Sotomayor’s lone dissent
In her lone dissent, Justice Sonia Sotomayor concluded that the Fourth Circuit correctly determined that it had jurisdiction to review only the federal-officer removal claim. She supports that conclusion not only with a careful examination of the statutory text, legislative history, and relevant caselaw, but also by pointing out the irony of the majority’s interpretation in the context of the case: “Petitioners no longer advance their [federal-officer removal] argument. … Yet that argument somehow opens a back door to appellate review that would otherwise be closed to them. Meanwhile, Baltimore, which has already waited nearly three years to begin litigation on the merits, is consigned to waiting once more.”
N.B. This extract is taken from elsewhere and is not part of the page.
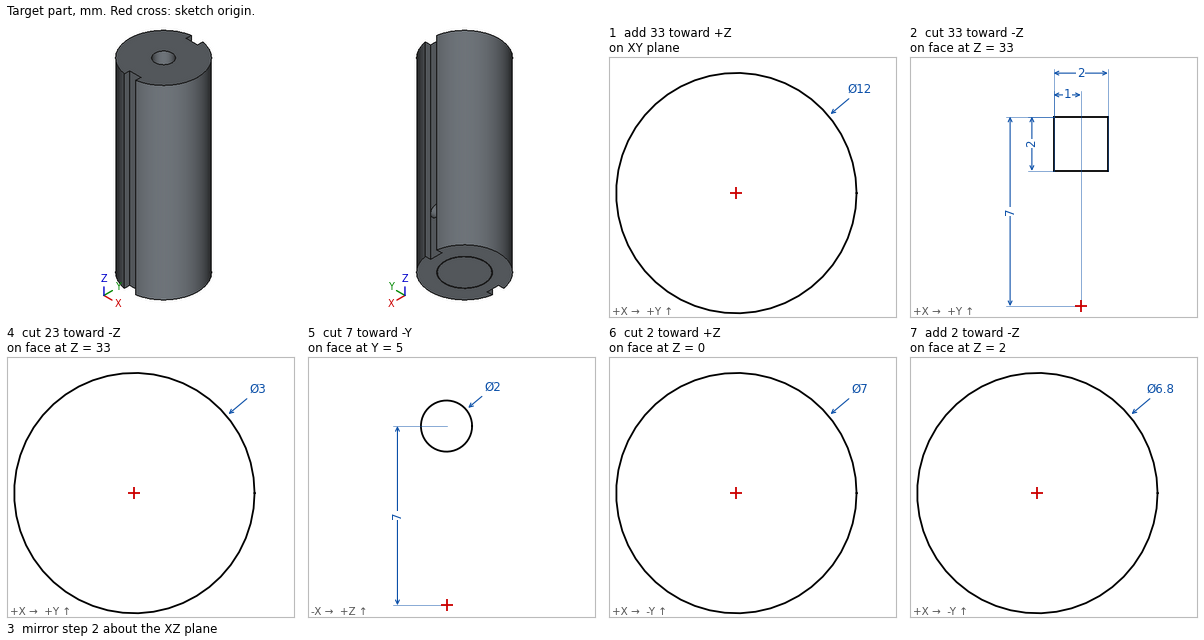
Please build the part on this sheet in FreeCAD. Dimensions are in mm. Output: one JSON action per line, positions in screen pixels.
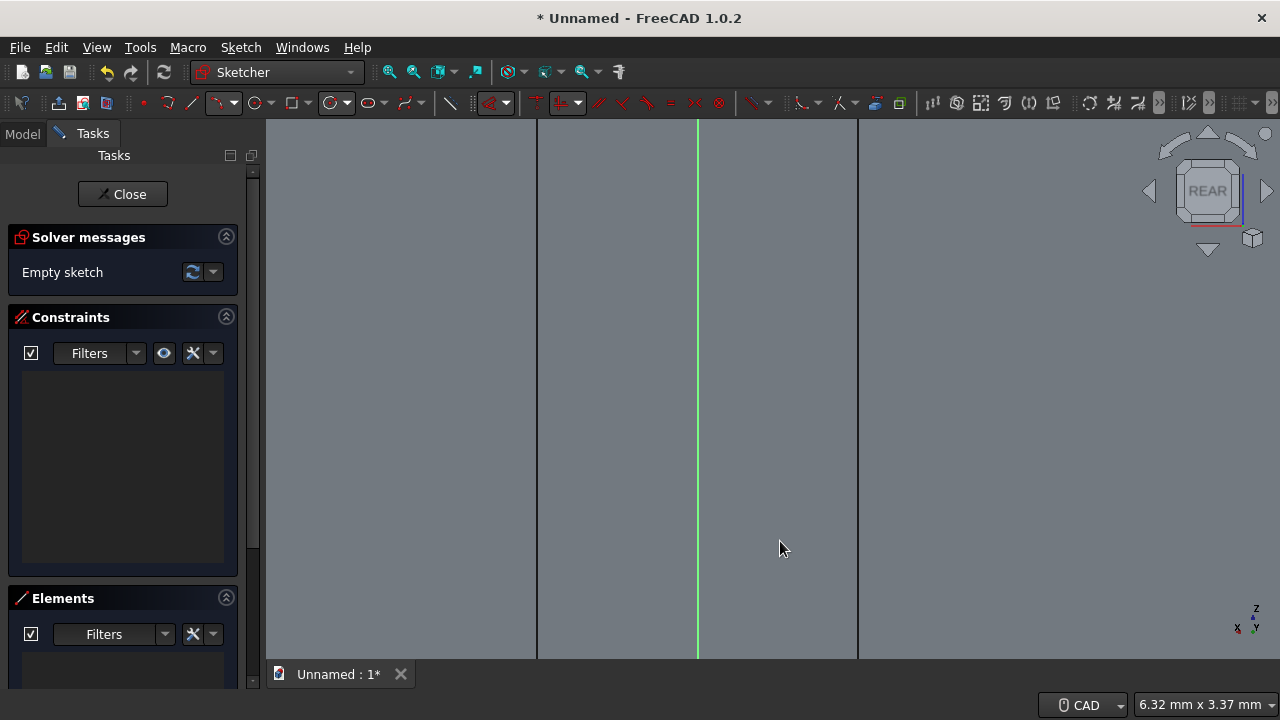
{"action": "key", "text": "g c"}

The majority’s interpretation, in short, expands federal judicial authority in a way that rewards the defendants’ “gamesmanship” to evade litigation in state court.
By allowing the industry to continue tying this litigation up with questions of civil procedure rather than defending against the merits of the plaintiffs’ state claims, the majority’s decision also supports the defendants’ efforts to delay discovery about the industry’s role in polluting social and political discourse with disinformation to undermine climate action and keep us on a fossil-fuel dependent path that has led us to the brink of planetary collapse.
A fuller picture of the industry’s deceptive marketing tactics is an important part of this country’s political and cultural history that can inform our decisions about how best to respond to the climate emergency. This is particularly important now, as the industry’s disinformation campaign continues — and grows even more insidious and sophisticated as calls for climate action grow louder. The civil discovery and trial system is a powerful tool to expose hidden information, and the fossil fuel industry knows that. The civil procedure question resolved in this case is in this sense more consequential than Gorsuch’s opening qualification suggests.
Karen C. Sokol is a professor of law at Loyola University New Orleans College of Law and is a Member Scholar at the Center for Progressive Reform.